Input material:
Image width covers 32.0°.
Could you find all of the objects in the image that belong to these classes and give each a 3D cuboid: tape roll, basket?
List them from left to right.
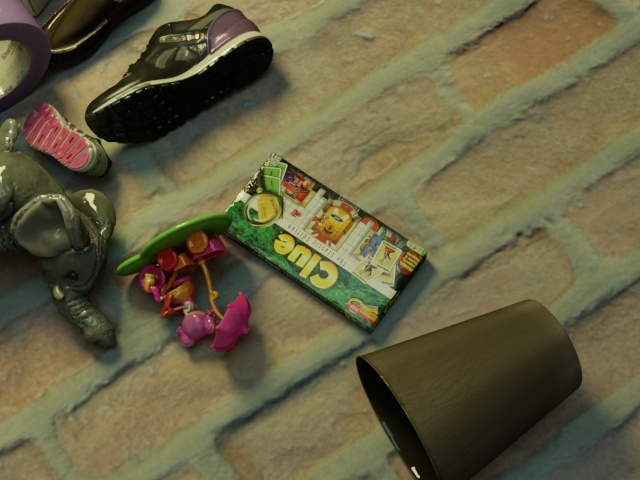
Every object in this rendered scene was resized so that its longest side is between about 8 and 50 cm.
[{"bbox_3d":[-0.473,-0.256,1.536,0.189,0.189,0.080,-34,72,-12],"label":"tape roll"},{"bbox_3d":[0.190,0.177,1.367,0.227,0.154,0.204,-27,67,-14],"label":"basket"}]

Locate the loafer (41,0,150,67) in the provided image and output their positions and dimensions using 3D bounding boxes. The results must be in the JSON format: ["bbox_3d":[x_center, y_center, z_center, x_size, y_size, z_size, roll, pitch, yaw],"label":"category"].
[{"bbox_3d":[-0.334,-0.343,1.629,0.080,0.078,0.220,40,73,16],"label":"loafer"}]

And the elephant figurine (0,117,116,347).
[{"bbox_3d":[-0.343,-0.006,1.456,0.239,0.186,0.169,21,48,6],"label":"elephant figurine"}]

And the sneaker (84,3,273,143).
[{"bbox_3d":[-0.216,-0.240,1.585,0.283,0.107,0.124,-29,59,-17],"label":"sneaker"}]

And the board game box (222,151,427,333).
[{"bbox_3d":[0.000,0.000,1.507,0.259,0.030,0.136,33,74,14],"label":"board game box"}]

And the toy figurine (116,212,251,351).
[{"bbox_3d":[-0.162,0.073,1.446,0.173,0.130,0.159,-27,78,14],"label":"toy figurine"}]

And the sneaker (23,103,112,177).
[{"bbox_3d":[-0.350,-0.133,1.556,0.170,0.075,0.063,34,89,37],"label":"sneaker"}]

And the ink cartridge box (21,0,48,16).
[{"bbox_3d":[-0.501,-0.500,1.674,0.289,0.121,0.211,27,70,12],"label":"ink cartridge box"}]

About this task: Copy each entry exactly as written. Pictures do not belong in the copy.

Exercise solution:
Image width covers 32.0°.
Could you find all of the objects in the image that belong to these classes and give each a 3D cuboid: tape roll, basket?
List them from left to right.
Every object in this rendered scene was resized so that its longest side is between about 8 and 50 cm.
[{"bbox_3d":[-0.473,-0.256,1.536,0.189,0.189,0.080,-34,72,-12],"label":"tape roll"},{"bbox_3d":[0.190,0.177,1.367,0.227,0.154,0.204,-27,67,-14],"label":"basket"}]

Locate the loafer (41,0,150,67) in the provided image and output their positions and dimensions using 3D bounding boxes. The results must be in the JSON format: ["bbox_3d":[x_center, y_center, z_center, x_size, y_size, z_size, roll, pitch, yaw],"label":"category"].
[{"bbox_3d":[-0.334,-0.343,1.629,0.080,0.078,0.220,40,73,16],"label":"loafer"}]

And the elephant figurine (0,117,116,347).
[{"bbox_3d":[-0.343,-0.006,1.456,0.239,0.186,0.169,21,48,6],"label":"elephant figurine"}]

And the sneaker (84,3,273,143).
[{"bbox_3d":[-0.216,-0.240,1.585,0.283,0.107,0.124,-29,59,-17],"label":"sneaker"}]

And the board game box (222,151,427,333).
[{"bbox_3d":[0.000,0.000,1.507,0.259,0.030,0.136,33,74,14],"label":"board game box"}]

And the toy figurine (116,212,251,351).
[{"bbox_3d":[-0.162,0.073,1.446,0.173,0.130,0.159,-27,78,14],"label":"toy figurine"}]

And the sneaker (23,103,112,177).
[{"bbox_3d":[-0.350,-0.133,1.556,0.170,0.075,0.063,34,89,37],"label":"sneaker"}]

And the ink cartridge box (21,0,48,16).
[{"bbox_3d":[-0.501,-0.500,1.674,0.289,0.121,0.211,27,70,12],"label":"ink cartridge box"}]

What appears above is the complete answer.